The sheer professionalism of the Orbodun shows as he keeps his breathing steady so that he can simultaneously acquire and aim, and pump another stun blast into the assassins vitals. One more of those and that sucker is going down, never having accomplished a single acquire. I designate the assassin as the appropriate target yet again. Clearly these guys are getting frustrated, because they all go all-aggressive this turn. The shock trooper lands three painful-looking hits on the Orbodun, who grunts unhappily with each impact. The Vega Lizard is determined not to miss me again, but I just can't bring myself to let him hit me - even though it might help establish the story of me being a secondary combatant. Whatever. The assassin, with all his dice dumped into the effort, manages to land a hit on the Orbodun too - but didn't divert any of the points to assassination, so it's not too bad.

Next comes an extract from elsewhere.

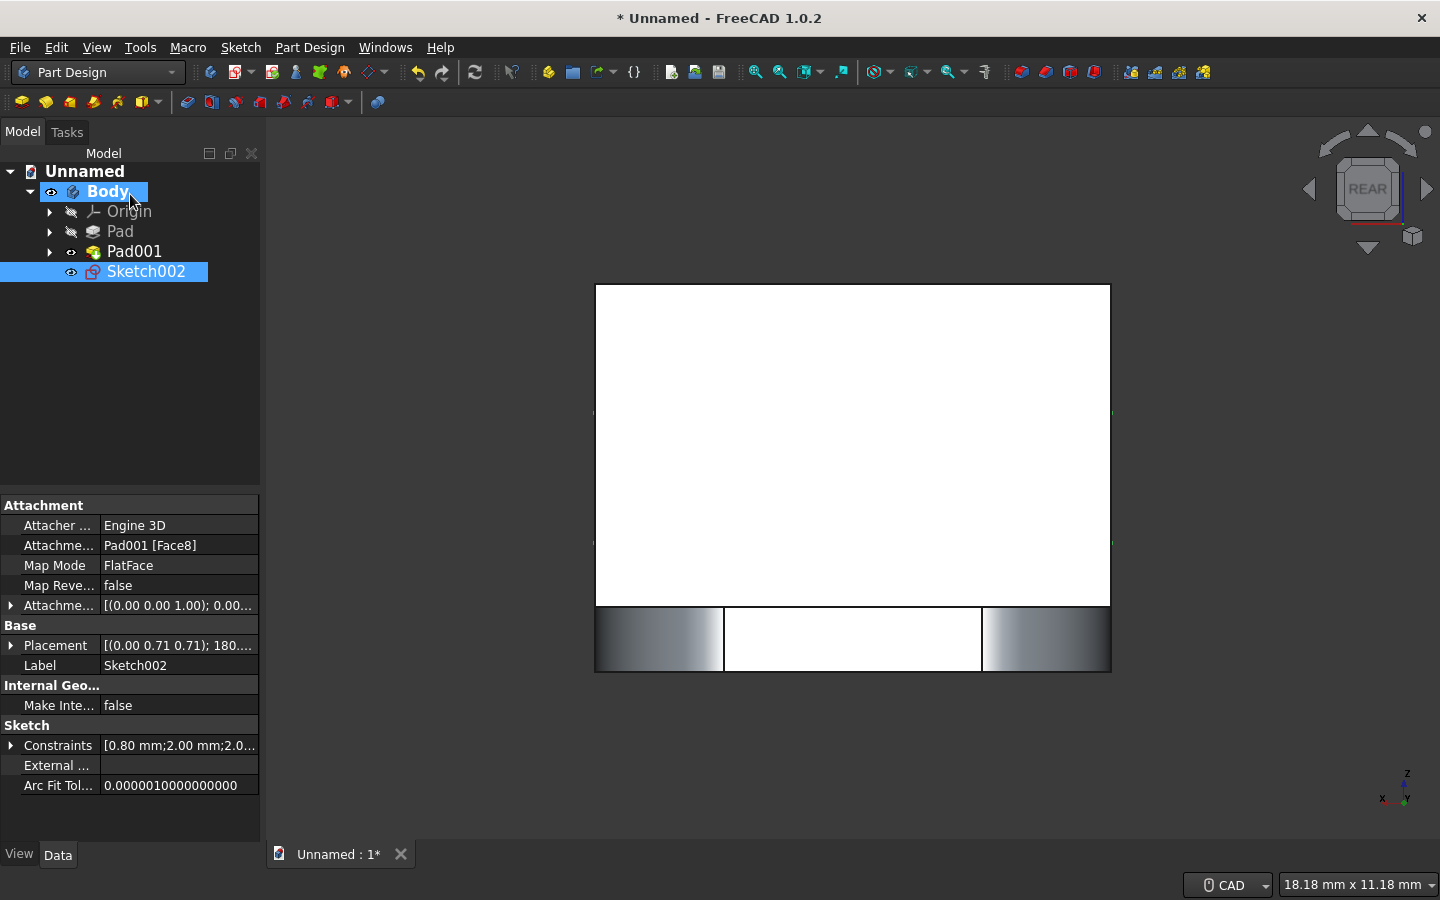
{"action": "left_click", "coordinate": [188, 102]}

Multiple auto-deploy patches crawl on the Orbodun, and he drops the dice-less assassin easily with another stun blast in the vitals. I wink mockingly at the Vega Lizard, mark him as the next target for the Orbodun, and then dance around him to crunch the shock trooper's pistol in his over-extended pose. The shock trooper swears, and pulls out a new weapon, and saves his dice realizing he probably can't hit anyone. The Vega Lizard roars as he turns to try to bite my head off - and I'm sure as shit not going to volunteer for that either: I duck it hard. The assassin snores.

"ENOUGH."

The Orbodun holds off shooting the Vega Lizard, and the arrayed reptiloid goons reign themselves in from their frustrated fury. The voice came from a diminutive Crocaloid, and he matches the description of the client we've come to meet.

With a rolling gait, the Orbodun heads over to me and shoves the stun rifle contemptuously into its robotic holster in my oversized satchel. "I assume you enjoyed the show."

"Yes. Very amusing. Though I had hoped to see your assassination skills at work. Why the stun weapon?"

"Whim. Stupid whim. And I think that if you run a medical scanner over these losers, you'll find that every one of those stun blasts would have been a killing shot. So it allowed me to show off four killshots with just three enemy combatants."

The crocaloid smiles. They're really good at smiling. Something to do with having lots and lots of teeth. "So, you didn't notice the fourth combatant?" He gestures at the guide who appears slyly.

With élan that I couldn't possibly summon myself, the Orbodun smiles back. "Oh, in a real fight, he would have shown up far too late to be counted. Besides, I was planning on letting the Massetin eat him."

It's funnier when you remember that Orboduns don't lie.